The Current AI Model
Most AI models start in the data center with the training of a neural network model based on public and/or private data. As we have argued in the past, the expense of running AI in the cloud can be prohibitive from a cost, latency, and security standpoint. As a result, neural network models can be optimized by shrinking the model size to then run at the edge of the network on the device, commonly referred to as “edge computing.” This optimization is a delicate balance of reducing the size of the model while maintaining acceptable accuracy.
While neural network models and optimization techniques improve, using a scaled-down data center solution may not be optimal for many edge applications. Edge applications are often focused on the input of sensor data and require even smaller models with a high degree of accuracy and real-time, or close to real-time, execution for mission critical or even life-threatening situations. These edge applications may include healthcare, automotive/transportation, manufacturing, and security.
Event-driven AI
As an alternative, BrainChip has developed its Akida neuromorphic IP (intellectual property) solutions to support Temporal Event-based Neural Networks (TENNs), an event-based neural processing network architecture, in addition to traditional Convolutional Neural Networks (CNN), Recurrent Neural Networks (RNNs) and Transformer based neural networks. What this means is that a temporal (time) enabled neural network (TENN), or networks, is only operating during the time when a trigger event or input occurs. During other times, it is not computing and therefore not consuming much power. This can translate to higher performance, adaptability and lower real-time latency per event, input, or request and at a fraction of the power consumption of other AI solutions.
According to BrainChip, TENNs are ideal for processing various types of data such as one-dimensional time series and spatial-temporal data. TENNs is showing positive results in a number common applications, such as audio denoising, eye-tracking for AR/VR, health data monitoring (heart rate, SpO2), keyword spotting, Small Language Models (SLMs), and video object detection. TENNs ability to adapt to new input/events overcome some of the limitations of traditional neural networks while supporting future neural network models at a fraction of the die area and operating cost.

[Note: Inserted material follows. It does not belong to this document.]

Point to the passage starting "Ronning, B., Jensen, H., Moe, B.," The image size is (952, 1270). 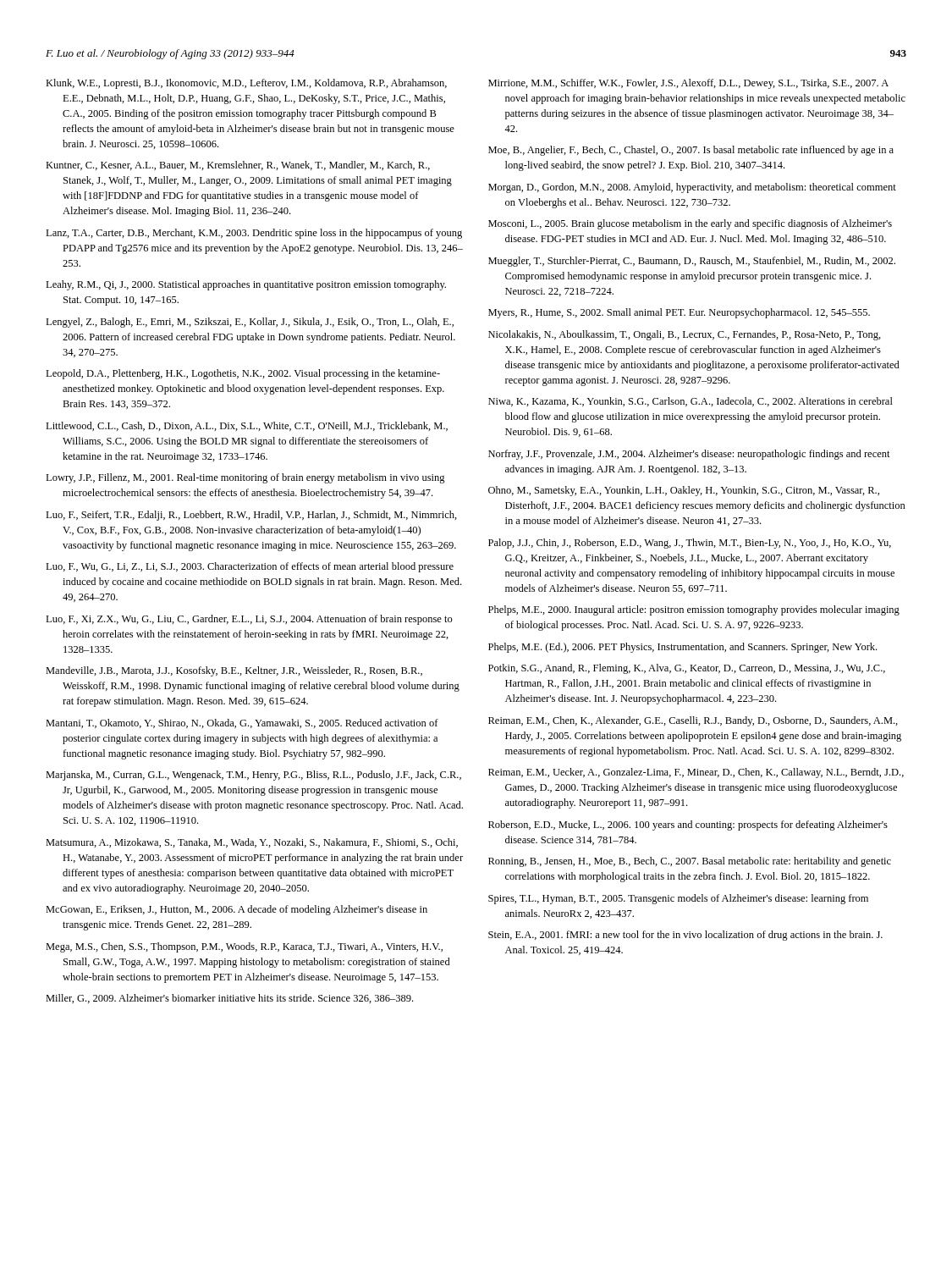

The Akida technology is available as IP cores that can be integrated into anything from a low-power microcontroller to a high-performance applications processor or system-on-chip (SoC) or discrete accelerator chips. While using an IP solution would require a new design, it provides more efficient processing of TENNs models by taking advantage of sparsity, a key feature that makes the human brain so efficient. Additionally, there are no other off-the-shelf solutions that can provide comparable low-power, high-accuracy, and real-time AI processing.
Edge-Specific AI
While TOPS (Trillions of Operations Per Second) seem to be getting a lot of attention as a means of measuring the AI performance of a chip, analyzing the performance of Edge AI is better accomplished using metrics that are more specific to the application. Examples of these more application specific metrics include measuring the efficiency of processing frames or frames per second (FPS) for image processing, time to first token (TTFT) for response time, mean average precision (mAP) for accuracy, and Watts or Kilowatts for power consumption. BrainChip has provided some data along these lines to demonstrate the value of TENNs in various applications.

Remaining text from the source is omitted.